Existing dataset annotation

  1. Verify the source for the dataset.

    • Often the place to start is an internet search of the dataset name. Most datasets can be found in OpenML, the UC Irvine ML repository, or Kaggle.
    • Follow the How to verify source subsection below to verify that the PMLB dataset actually came from the source you found.
  2. Update the information on the dataset’s metadata.yaml file. Refer to the metadata template file or wine_quality_red as an example.

  3. Issue a pull request for your changes.

How to verify source

There are a few ways we can check whether a PMLB dataframe (pmlb_df) agrees with its source (source_df), provided that we have checked their shapes (by printing pmlb_df.shape and pmlb_df.shape) and changed the column name of the dependent variable to target. For example, if the dependent variable in the source dataset is class, you can use df_source = df_source.rename(columns={'class': 'target'}).

  • If the two dataframes are exactly the same, the following line of code does not return anything ✔️:
pd.testing.assert_frame_equal(df_source, df_pmlb)
  • If it gives error, the column names may be different. If we have good reasons to ignore column names, we can check if the values contained in the 2 dataframes are the same with
(df_source.values == df_pmlb.values).all()

If we still get False, it is possible that the rows have been permuted. To check if they are:

set(df_pmlb.itertuples(index=False)) == set(df_source.itertuples(index=False))

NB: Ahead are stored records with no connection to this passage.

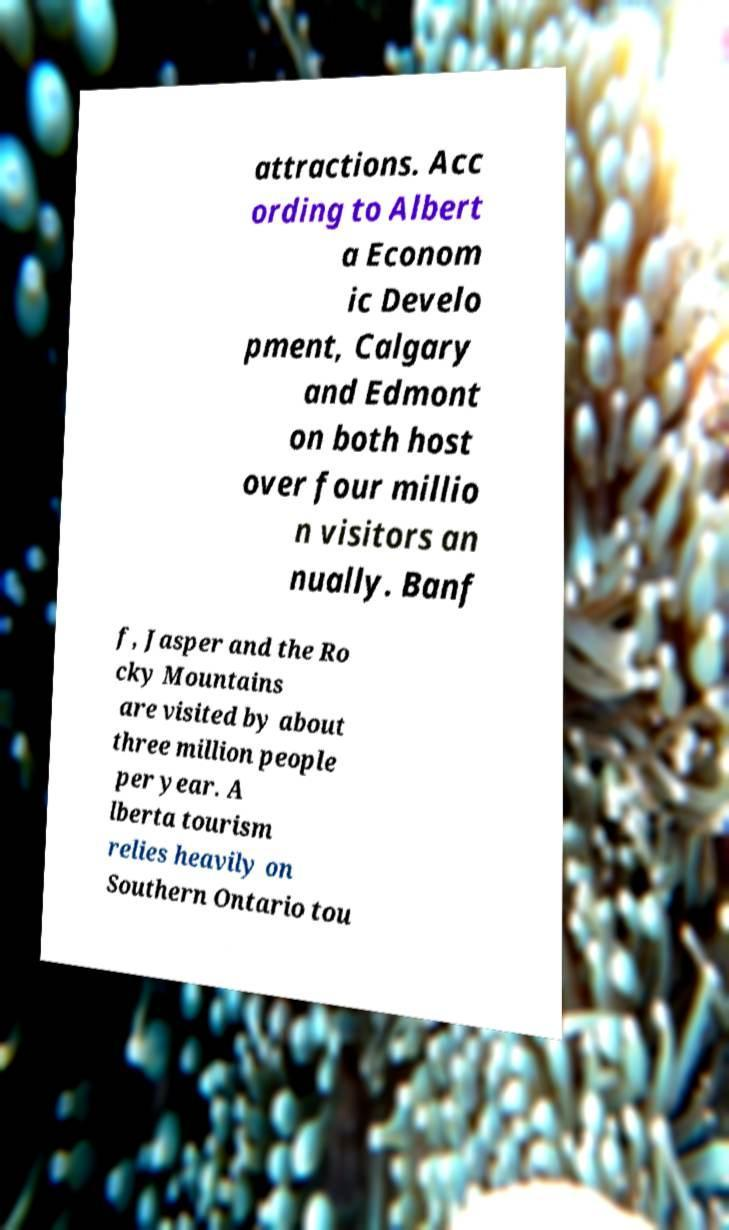Can you read and provide the text displayed in the image?This photo seems to have some interesting text. Can you extract and type it out for me? attractions. Acc ording to Albert a Econom ic Develo pment, Calgary and Edmont on both host over four millio n visitors an nually. Banf f, Jasper and the Ro cky Mountains are visited by about three million people per year. A lberta tourism relies heavily on Southern Ontario tou 
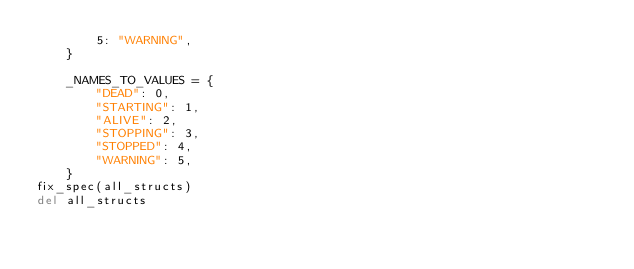Convert code to text. <code><loc_0><loc_0><loc_500><loc_500><_Python_>        5: "WARNING",
    }

    _NAMES_TO_VALUES = {
        "DEAD": 0,
        "STARTING": 1,
        "ALIVE": 2,
        "STOPPING": 3,
        "STOPPED": 4,
        "WARNING": 5,
    }
fix_spec(all_structs)
del all_structs
</code> 
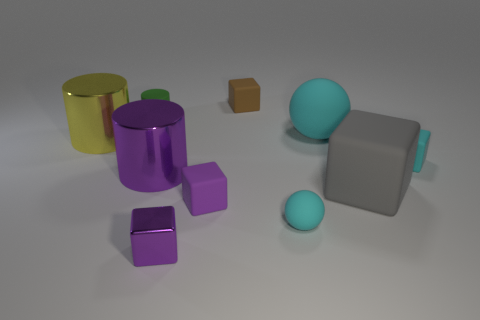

or “subtracting” the two datasets row by row (these two lines will print the rows that are in one dataframe but not the other and can help you see the difference a bit better):

df_source.merge(df_pmlb, indicator=True, how='left').loc[lambda x: x['_merge']!='both']
df_pmlb.merge(df_source, indicator=True, how='left').loc[lambda x: x['_merge']!='both']

If the two dataframes have floats that are almost equal to each other, we can use numpy’s isclose to check if they are element-wise equal within a tolerance:

from numpy import isclose

isclose(df_source.values, df_pmlb.values).all()

We have been using Google Colab notebooks to share our checks, but other methods are also welcomed. If you do use Google Colab, please add your notebook to our shared folder http://tiny.cc/pmlb-colabs and/or share a publicly accessible link to your notebook in the pull request when you submit one. For example notebooks, you can visit the shared Drive folder.

Working with GitHub Actions

Please submit your contribution in a PR from a branch of your fork (NOT master branch) and, if possible, with only 1 commit. Nonetheless, we can help you fix it if this is not the case.

  • If you contributed metadata:
    • Let’s assume that the inferred “task” is incorrect and you fixed this. get_updated_metadatas() picks up this new dataset by checking the diff of the latest commit. A GitHub Action (GA) regenerates summary_stats.tsv, updates classification_dataset_names and regression_dataset_names, and adds the dataset name to dataset_with_metadata (which contains the names of datasets with customized metadata files). GA then pushes back these changes to your branch as long as it’s not master.
    • If your PR resulted in a failed build, your metadata.yaml may be invalid. Please use http://yamllint.com to verify. A common problem that invalidate a .yaml file is the use of colon : without quotes (in a publication title for example).
  • If you contributed a new dataset:
    • get_updated_datasets() picks up this new dataset by checking the diff of the latest commit. GA autogenerates metadata.yaml, readme.md, summary_stats.tsv, all_summary_stats.tsv, pandas profiling, and updates dataset_names (and classification_dataset_names and regression_dataset_names).
    • A reviewer asks you to manually update the metadata.yaml.
    • GA adds the dataset name to dataset_with_metadata, which contains the names of datasets with customized metadata files, and push back these changes to your branch as long as it’s not master branch or main branch.
  • If you wished to regenerate all the pandas profiling reports:
    • Please include [regenerate_profiles] in the commit message.
  • If you wished to regenerate/update supporting files for all datasets:
    • Please include [update_all_datasets] in the commit message.